Fetching all datasets on page: 0
The following csv file was generated successfully: all_datasets
Fetching all checks on page 0
The following csv file was generated successfully: all_checks

API to CSV script

import requests
import time
import sys
import pandas as pd
from datetime import datetime

# Soda Cloud account 

soda_cloud_url = 'https://cloud.us.soda.io' # cloud.us.soda.io (US Customers) or cloud.soda.io (EU Customers)
soda_apikey = 'XXX' # Soda Cloud API key ID 
soda_apikey_secret = 'XXX' # Soda Cloud API key secret

# The file names and file type to which you want to save the output (CSV or JSON)

datasets_filename = 'all_datasets'
checks_filename = 'all_checks'
file_type = 'csv'

# ------------------------------------------------------------------------------

if file_type not in ['csv', 'json']:
        print("You must input the correct file_type: csv or json. You input "+file_type)
        sys.exit()

print("Starting collection of all datasets/checks...")

datasets = []
checks = []

response_datasets = requests.get(
        soda_cloud_url + '/api/v1/datasets?page=0', 
        auth=(soda_apikey , soda_apikey_secret)
        )

if response_datasets.status_code == 401 or response_datasets.status_code == 403:
    print("Unauthorized or Forbidden access.
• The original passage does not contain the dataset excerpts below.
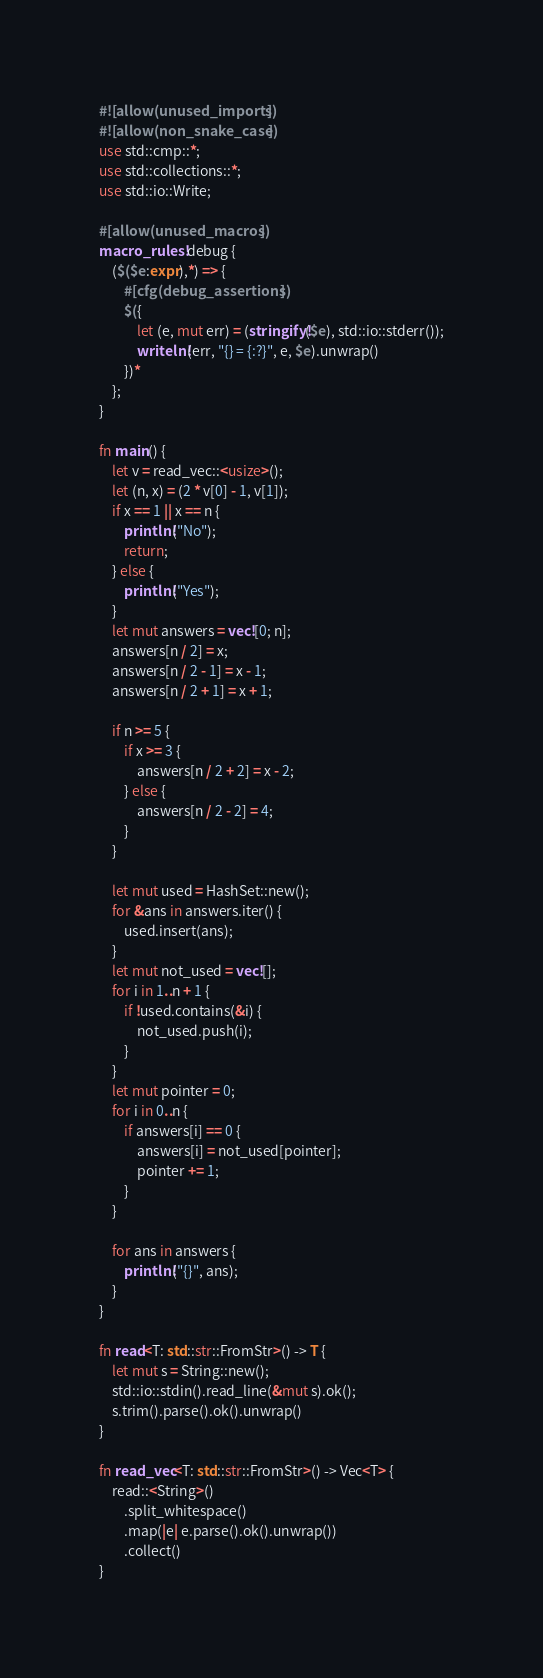Convert code to text. <code><loc_0><loc_0><loc_500><loc_500><_Rust_>#![allow(unused_imports)]
#![allow(non_snake_case)]
use std::cmp::*;
use std::collections::*;
use std::io::Write;

#[allow(unused_macros)]
macro_rules! debug {
    ($($e:expr),*) => {
        #[cfg(debug_assertions)]
        $({
            let (e, mut err) = (stringify!($e), std::io::stderr());
            writeln!(err, "{} = {:?}", e, $e).unwrap()
        })*
    };
}

fn main() {
    let v = read_vec::<usize>();
    let (n, x) = (2 * v[0] - 1, v[1]);
    if x == 1 || x == n {
        println!("No");
        return;
    } else {
        println!("Yes");
    }
    let mut answers = vec![0; n];
    answers[n / 2] = x;
    answers[n / 2 - 1] = x - 1;
    answers[n / 2 + 1] = x + 1;

    if n >= 5 {
        if x >= 3 {
            answers[n / 2 + 2] = x - 2;
        } else {
            answers[n / 2 - 2] = 4;
        }
    }

    let mut used = HashSet::new();
    for &ans in answers.iter() {
        used.insert(ans);
    }
    let mut not_used = vec![];
    for i in 1..n + 1 {
        if !used.contains(&i) {
            not_used.push(i);
        }
    }
    let mut pointer = 0;
    for i in 0..n {
        if answers[i] == 0 {
            answers[i] = not_used[pointer];
            pointer += 1;
        }
    }

    for ans in answers {
        println!("{}", ans);
    }
}

fn read<T: std::str::FromStr>() -> T {
    let mut s = String::new();
    std::io::stdin().read_line(&mut s).ok();
    s.trim().parse().ok().unwrap()
}

fn read_vec<T: std::str::FromStr>() -> Vec<T> {
    read::<String>()
        .split_whitespace()
        .map(|e| e.parse().ok().unwrap())
        .collect()
}
</code>

Please check your API keys and/or permissions in Soda.")
    sys.exit()

# Collect all datasets

if response_datasets.status_code == 200:
    dataset_pages = response_datasets.json().get('totalPages')
    
    i = 0
    while i < dataset_pages:
        dq_datasets = requests.get(
        soda_cloud_url + '/api/v1/datasets?page='+str(i), 
        auth=(soda_apikey , soda_apikey_secret))
        
        if dq_datasets.status_code == 200:
            print("Fetching all datasets on page: "+str(i))
            list = dq_datasets.json().get("content")
            datasets.extend(list)
            i += 1
        elif dq_datasets.status_code == 429:
            print("API Rate Limit reached when fetching datasets on page: " +str(i)+ ". Pausing for 30 seconds.")
            time.sleep(30)
            # Retry fetching the same page
        else:
            print("Error fetching datasets on page "+str(i)+". Status code:", dq_datasets.status_code)
        
else:
    print("Error fetching initial datasets. Status code:", response_datasets.status_code)
    sys(exit)

df_datasets = pd.DataFrame(datasets)
current_time = datetime.now().strftime('%Y-%m-%d %I:%M:%S %p')
df_datasets.insert(0, 'record_created', current_time)

# Create datasets file

if file_type == 'csv':
    df_datasets.to_csv(datasets_filename +'.csv', index=False)
if file_type == 'json':
    df_datasets.to_json(datasets_filename +'.json', orient='records', date_format='iso', lines=False)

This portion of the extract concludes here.